壊れた器を、
“また使える日常”へ戻しています。
フランスから届いた、
ひとつのマグカップ。
取れてしまったパーツを、
日本古来の天然漆で丁寧に接着し、
金継ぎでお修理しました。
今回の器は、
割れだけではなく、
表面の釉薬も一部剥がれ、
ところどころ小さな穴ができている状態でした。
そのため、
ただ形を戻すのではなく、
漆で何度も補強を重ねながら、
器としてまた安心して使える状態へ、
少しずつ整えていきます。
金継ぎは、
単に傷を隠して綺麗に見せるための技術ではありません。
壊れたものを捨てず、
手をかけながら、
もう一度暮らしの中で使い続けていく。
そんな日本の“ものを慈しむ文化”の中で、
長く受け継がれてきた修復技術です。
欠けや割れも、
なかったことにするのではなく、
その器が歩んできた時間として受け入れていく。
そこに、
金継ぎならではの静かな美しさがあるように感じています。
海外から届く器にも、
持ち主の暮らしや思い出が、
静かに詰まっています。
またコーヒーを注ぎ、
いつもの時間の中で、
自然に使っていただけますように。
そんな想いで、
ひとつひとつお修理しています。
金継ぎは単なる修理技術ではなく、ものの歴史や持ち主の思いを尊重する日本の文化そのものです。
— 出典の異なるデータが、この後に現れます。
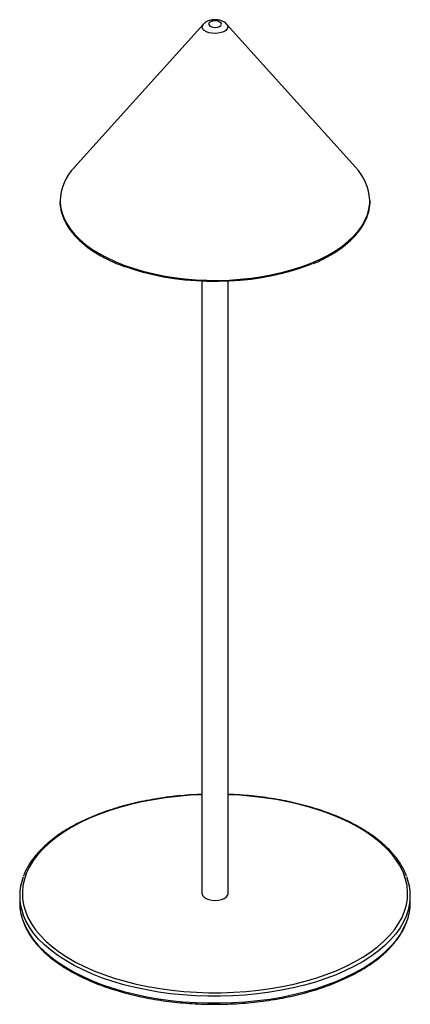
# Paper-space layout '_Trimétrica' of a CAD drawing. Header units: millimetres. Extents: x -237 to -87, y -298 to 81.
import ezdxf

# ---------------------------------------------------------------- set-up
doc = ezdxf.new("R2010")
doc.units = ezdxf.units.MM

psp = doc.layouts.new('_Trimétrica')

# ---------------------------------------------------------------- linework, layer by layer
at = {"color": 7, "linetype": 'Continuous', "lineweight": 25}
for p, q in [((-166.33, 78.89), (-215.82, 23.91)), ((-107.95, 23.91), (-157.45, 78.89)), ((-215.82, 23.91), (-215.89, 23.84)), ((-166.89, -19.94), (-166.89, -255.36)), ((-156.89, -255.36), (-156.89, -19.94)), ((-236.89, -256.22), (-236.89, -258.79)), ((-86.89, -258.79), (-86.89, -256.22))]:
    psp.add_line(p, q, dxfattribs=at)
at = {"color": 7, "linetype": 'Continuous', "lineweight": 25, "flags": 128}
for points in [[(-159.67, 78.41), (-159.45, 78.85), (-159.56, 79.31), (-159.99, 79.72), (-160.67, 80.02), (-161.51, 80.17), (-162.41, 80.16), (-163.23, 79.98), (-163.88, 79.66), (-164.25, 79.24), (-164.31, 78.78), (-164.04, 78.34), (-163.47, 77.98), (-162.7, 77.75), (-161.81, 77.68), (-160.94, 77.77), (-160.19, 78.03), (-159.67, 78.41)], [(-124.74, -13.28), (-125.23, -13.48), (-128.66, -14.78), (-132.27, -15.95), (-136.03, -16.98), (-139.93, -17.87), (-143.94, -18.61), (-148.05, -19.2), (-152.22, -19.64), (-156.45, -19.92), (-160.71, -20.04), (-164.97, -20.01), (-169.22, -19.81), (-173.42, -19.46), (-177.57, -18.96), (-181.64, -18.3), (-185.6, -17.49), (-189.44, -16.54), (-193.14, -15.44), (-196.12, -14.42)], [(-166.89, -255.36), (-166.87, -255.57), (-166.62, -256.2), (-166.06, -256.78), (-165.25, -257.27), (-164.22, -257.64)], [(-164.22, -257.64), (-163.05, -257.87), (-161.8, -257.94), (-160.56, -257.85), (-159.4, -257.6), (-158.4, -257.21), (-157.62, -256.71), (-157.11, -256.12), (-156.89, -255.48), (-156.89, -255.36)]]:
    psp.add_lwpolyline(points, dxfattribs=at)
at = {"color": 8, "linetype": 'Continuous', "lineweight": 25, "flags": 128}
for points in [[(-157.45, 78.89), (-157.09, 78.33), (-157, 77.7), (-157.22, 77.08), (-157.73, 76.5), (-158.51, 76.01), (-159.49, 75.64), (-160.63, 75.4), (-161.85, 75.31), (-163.06, 75.39), (-164.21, 75.61), (-165.21, 75.98), (-166, 76.47), (-166.53, 77.04), (-166.77, 77.65), (-166.7, 78.29), (-166.33, 78.89), (-166.33, 78.89)], [(-221.34, 10.91), (-221.17, 8.76), (-220.7, 6.57), (-219.92, 4.39), (-218.84, 2.25), (-217.46, 0.16), (-215.79, -1.88), (-213.84, -3.85), (-211.62, -5.74), (-209.15, -7.54), (-206.42, -9.25), (-203.46, -10.85), (-200.29, -12.34), (-196.91, -13.71), (-193.35, -14.95), (-189.63, -16.05), (-185.77, -17.01), (-181.78, -17.82), (-177.68, -18.49), (-173.5, -19), (-169.27, -19.35), (-164.99, -19.54), (-160.7, -19.58), (-156.41, -19.46), (-152.16, -19.17), (-147.95, -18.73), (-143.82, -18.14), (-139.78, -17.39), (-135.85, -16.49), (-132.06, -15.45), (-128.43, -14.28), (-124.97, -12.97), (-121.71, -11.53), (-118.65, -9.98), (-115.82, -8.32), (-113.23, -6.56), (-110.89, -4.7), (-108.82, -2.77), (-107.02, -0.76), (-105.51, 1.31), (-104.3, 3.43), (-103.38, 5.59), (-102.77, 7.78), (-102.47, 9.99), (-102.44, 11.25)], [(-166.89, -217.34), (-171.47, -217.57), (-176.2, -217.97), (-180.87, -218.53), (-185.46, -219.24), (-189.95, -220.1), (-194.32, -221.11), (-198.56, -222.26), (-202.64, -223.55), (-206.55, -224.98), (-210.28, -226.53), (-213.8, -228.2), (-217.11, -229.99), (-220.18, -231.89), (-223.01, -233.88), (-225.58, -235.96), (-227.89, -238.13), (-229.91, -240.36), (-231.66, -242.66), (-233.11, -245.01), (-234.26, -247.41), (-235.11, -249.84), (-235.65, -252.29), (-235.88, -254.76), (-235.8, -257.22), (-235.41, -259.69), (-234.71, -262.13), (-233.71, -264.54), (-232.41, -266.92), (-230.81, -269.24), (-228.92, -271.51), (-226.75, -273.71), (-224.31, -275.84), (-221.6, -277.87), (-218.65, -279.82), (-215.46, -281.66), (-212.04, -283.39), (-208.41, -285), (-204.59, -286.49), (-200.59, -287.85), (-196.42, -289.07)], [(-196.42, -289.07), (-192.11, -290.15), (-187.68, -291.09), (-183.13, -291.87), (-178.5, -292.5), (-173.8, -292.98), (-169.05, -293.3), (-164.26, -293.46), (-159.47, -293.46), (-154.69, -293.3), (-149.94, -292.98), (-145.24, -292.5), (-140.6, -291.87), (-136.06, -291.08), (-131.63, -290.14), (-127.32, -289.06), (-123.15, -287.84), (-119.15, -286.48), (-115.33, -284.99), (-111.71, -283.38), (-108.29, -281.64), (-105.1, -279.8), (-102.15, -277.86), (-99.45, -275.82), (-97.01, -273.69), (-94.84, -271.49), (-92.95, -269.22), (-91.36, -266.9), (-90.06, -264.52), (-89.05, -262.11), (-88.36, -259.67), (-87.97, -257.2), (-87.9, -254.74), (-88.13, -252.27), (-88.67, -249.82), (-89.53, -247.39), (-90.68, -244.99), (-92.13, -242.64), (-93.88, -240.34), (-95.91, -238.11), (-98.21, -235.94), (-100.79, -233.86), (-103.62, -231.87), (-106.69, -229.98), (-110, -228.19), (-113.52, -226.52), (-117.25, -224.97), (-121.17, -223.54), (-125.25, -222.25), (-129.49, -221.1), (-133.86, -220.09), (-138.36, -219.23), (-142.95, -218.52), (-147.62, -217.97), (-152.35, -217.57), (-156.89, -217.34)], [(-196.89, -290.38), (-201.07, -289.16), (-205.08, -287.8), (-208.92, -286.31), (-212.57, -284.69), (-216.01, -282.96), (-219.22, -281.12), (-222.2, -279.18), (-224.94, -277.14), (-227.41, -275.02), (-229.61, -272.82), (-231.54, -270.55), (-233.18, -268.22), (-234.52, -265.84), (-235.53, -263.55)], [(-88.17, -263.33), (-88.34, -263.78), (-89.43, -266.19), (-90.82, -268.57), (-92.5, -270.88), (-94.47, -273.14), (-96.71, -275.33), (-99.22, -277.45), (-101.99, -279.47), (-105.01, -281.4), (-108.26, -283.22), (-111.73, -284.94), (-115.4, -286.53), (-119.27, -288.01), (-123.31, -289.35), (-127.51, -290.55), (-131.85, -291.62), (-136.32, -292.53), (-140.89, -293.3), (-145.54, -293.92), (-150.27, -294.38), (-155.04, -294.69), (-159.84, -294.83), (-164.64, -294.82), (-169.44, -294.65), (-174.2, -294.32), (-178.92, -293.84), (-183.56, -293.2), (-188.12, -292.41), (-192.57, -291.47), (-196.89, -290.38)], [(-235.49, -266.23), (-234.52, -268.42), (-233.18, -270.79), (-231.54, -273.12), (-229.61, -275.39), (-227.41, -277.59), (-224.94, -279.71), (-222.2, -281.75), (-219.22, -283.69), (-216.01, -285.53), (-212.57, -287.27), (-208.92, -288.88), (-205.08, -290.37), (-201.07, -291.73), (-196.89, -292.96)], [(-196.89, -292.96), (-192.57, -294.04), (-188.12, -294.98), (-183.56, -295.77), (-178.92, -296.41), (-174.2, -296.9), (-169.44, -297.22), (-164.64, -297.39), (-159.84, -297.41), (-155.04, -297.26), (-150.27, -296.95), (-145.54, -296.49), (-140.89, -295.88), (-136.32, -295.11), (-131.85, -294.19), (-127.51, -293.12), (-123.31, -291.92), (-119.27, -290.58), (-115.4, -289.11), (-111.73, -287.51), (-108.26, -285.8), (-105.01, -283.97), (-101.99, -282.04), (-99.22, -280.02), (-96.71, -277.91), (-94.47, -275.72), (-92.5, -273.46), (-90.82, -271.14), (-89.43, -268.77), (-88.34, -266.35), (-88.19, -265.96)]]:
    psp.add_lwpolyline(points, dxfattribs=at)
at = {"color": 7, "linetype": 'Continuous', "lineweight": 25}
for centre, radius, start, end in [((-202.59, 10.62), 18.75, 135.1846, 179.1222), ((-122.25, 10.16), 19.84, 3.1718, 43.8999), ((-216.34, -256.22), 20.53, 159.1623, 200.9041), ((-107.42, -256.22), 20.52, 339.7381, 20.7806), ((-215.91, -258.68), 20.98, 180.2942, 201.0636), ((-107.54, -258.74), 20.65, 339.5421, 359.8601)]:
    psp.add_arc(centre, radius, start, end, dxfattribs=at)
for points, knots in [([(-157.5, 78.94), (-157.53, 78.97), (-157.74, 79.25), (-158.3, 79.65), (-159.17, 80.13), (-160.22, 80.46), (-161.4, 80.63), (-162.63, 80.61), (-163.87, 80.39), (-164.98, 79.96), (-165.82, 79.43), (-166.2, 79.01), (-166.34, 78.85)], [0, 0, 0, 0, 0.01315, 0.109661, 0.213128, 0.326458, 0.44578, 0.566191, 0.690216, 0.822294, 0.932013, 1, 1, 1, 1]), ([(-221.41, 10.65), (-221.42, 10.58), (-221.46, 9.8), (-221.27, 8.31), (-220.83, 6.21), (-220.09, 4.14), (-219.09, 2.09), (-217.82, 0.09), (-216.29, -1.87), (-214.5, -3.77), (-212.47, -5.59), (-210.21, -7.35), (-207.72, -9.01), (-205.01, -10.59), (-202.11, -12.06), (-199.23, -13.34), (-197.26, -14.08), (-196.37, -14.41)], [0, 0, 0, 0, 0.0076978, 0.0789991, 0.1503039, 0.2216943, 0.2932364, 0.364956, 0.4368425, 0.508863, 0.5809775, 0.6531494, 0.72535, 0.7975583, 0.8697597, 0.9419481, 1, 1, 1, 1]), ([(-124.33, -13.21), (-124.23, -13.17), (-123.04, -12.7), (-120.95, -11.7), (-118.08, -10.21), (-115.43, -8.61), (-112.99, -6.93), (-110.78, -5.15), (-108.81, -3.3), (-107.08, -1.38), (-105.61, 0.59), (-104.4, 2.62), (-103.47, 4.69), (-102.79, 6.78), (-102.43, 8.89), (-102.29, 10.3), (-102.35, 11.01), (-102.35, 11.01)], [0, 0, 0, 0, 0.007551, 0.084057, 0.160583, 0.23713, 0.313693, 0.390266, 0.466829, 0.543358, 0.619819, 0.696171, 0.772366, 0.848373, 0.924184, 0.999835, 1, 1, 1, 1]), ([(-166.89, -217.21), (-168.1, -217.25), (-170.83, -217.36), (-175.03, -217.69), (-179.49, -218.17), (-183.88, -218.79), (-188.19, -219.55), (-192.4, -220.45), (-196.5, -221.47), (-200.48, -222.63), (-204.31, -223.9), (-207.99, -225.3), (-211.5, -226.81), (-214.83, -228.43), (-217.97, -230.16), (-220.9, -231.98), (-223.62, -233.9), (-226.1, -235.9), (-228.35, -237.98), (-230.36, -240.13), (-232.11, -242.35), (-233.59, -244.62), (-234.72, -246.73), (-235.24, -248.09), (-235.46, -248.67)], [0, 0, 0, 0, 0.037208, 0.083594, 0.129985, 0.176381, 0.222784, 0.269195, 0.315617, 0.362051, 0.408499, 0.454963, 0.501443, 0.547941, 0.594457, 0.640988, 0.687532, 0.734081, 0.780621, 0.827131, 0.873588, 0.91996, 0.966212, 1, 1, 1, 1]), ([(-88.31, -248.69), (-88.47, -248.24), (-88.92, -247), (-89.96, -245.02), (-91.38, -242.75), (-93.07, -240.54), (-95.02, -238.38), (-97.22, -236.3), (-99.66, -234.28), (-102.33, -232.35), (-105.21, -230.51), (-108.31, -228.76), (-111.6, -227.12), (-115.08, -225.59), (-118.73, -224.17), (-122.53, -222.87), (-126.48, -221.69), (-130.56, -220.64), (-134.76, -219.72), (-139.05, -218.93), (-143.43, -218.28), (-147.87, -217.77), (-152.36, -217.39), (-155.38, -217.26), (-156.89, -217.2)], [0, 0, 0, 0, 0.026647, 0.072499, 0.11851, 0.164669, 0.210951, 0.257324, 0.303758, 0.350227, 0.396712, 0.443198, 0.489676, 0.536142, 0.582593, 0.629029, 0.675452, 0.721861, 0.768258, 0.814644, 0.861023, 0.907394, 0.953759, 1, 1, 1, 1]), ([(-235.42, -266.48), (-235.16, -267.14), (-234.59, -268.57), (-233.38, -270.75), (-231.87, -272.99), (-230.09, -275.19), (-228.06, -277.32), (-225.78, -279.39), (-223.26, -281.38), (-220.52, -283.28), (-217.56, -285.09), (-214.4, -286.8), (-211.05, -288.41), (-207.51, -289.91), (-203.81, -291.29), (-200.2, -292.48), (-197.77, -293.16), (-196.69, -293.47)], [0, 0, 0, 0, 0.056941, 0.124534, 0.19236, 0.260393, 0.328592, 0.39691, 0.465305, 0.533741, 0.602193, 0.67064, 0.739073, 0.807487, 0.875879, 0.944249, 1, 1, 1, 1]), ([(-196.69, -293.47), (-195.97, -293.65), (-193.91, -294.2), (-190.41, -295.01), (-186.15, -295.84), (-181.8, -296.54), (-177.37, -297.09), (-172.89, -297.51), (-168.37, -297.78), (-163.83, -297.92), (-159.28, -297.91), (-154.74, -297.75), (-150.22, -297.46), (-145.75, -297.02), (-141.34, -296.44), (-137, -295.73), (-132.75, -294.88), (-128.61, -293.89), (-124.59, -292.78), (-120.71, -291.55), (-116.98, -290.19), (-113.41, -288.71), (-110.02, -287.13), (-106.82, -285.44), (-103.82, -283.64), (-101.03, -281.76), (-98.47, -279.78), (-96.14, -277.73), (-94.05, -275.6), (-92.22, -273.4), (-90.64, -271.15), (-89.35, -268.84), (-88.56, -267.19), (-88.28, -266.3), (-88.25, -266.21)], [0, 0, 0, 0, 0.017174, 0.049798, 0.082418, 0.115032, 0.147641, 0.180245, 0.212846, 0.245446, 0.278044, 0.310643, 0.343243, 0.375846, 0.408451, 0.441061, 0.473677, 0.5063, 0.538931, 0.571571, 0.604222, 0.636885, 0.669559, 0.702246, 0.734945, 0.767654, 0.800368, 0.83308, 0.865776, 0.89844, 0.931053, 0.963589, 0.996027, 1, 1, 1, 1])]:
    psp.add_open_spline(points, degree=3, knots=knots, dxfattribs=at)

doc.saveas('drawing.dxf')

私自身、昔使っていたお気に入りの陶器が割れてしまったとき、この技術に出会い、とても感動した経験があります。 器の欠けや割れは経年の証として残しつつ、天然の漆を何度も重ね塗りして補強することで、丈夫で安全にまた使い続けられるのが金継ぎの魅力です。表面の釉薬が剥がれる場合も、漆が穴を埋めることで器の機能性を回復させます。欧米など海外の器もこの技術で修復されることで、異国の文化と日本の伝統が融合した新しい価値が生まれています。 特にコーヒーや紅茶を楽しむ時間に、金継ぎで修復されたマグカップを使うと、ひとつひとつに込められた暮らしの記憶を感じられ、より味わい深く感じられることが多いです。修復の過程を通じて、物を大切にする心や持続可能な暮らし方への意識も自然と高まるでしょう。 このように、金継ぎは単に美しさを取り戻すだけでなく、物語を紡ぎながら日常の中で使い続ける喜びを教えてくれます。今後もお気に入りの器を長く愛用したい方には、ぜひこの日本の伝統技術をおすすめしたいです。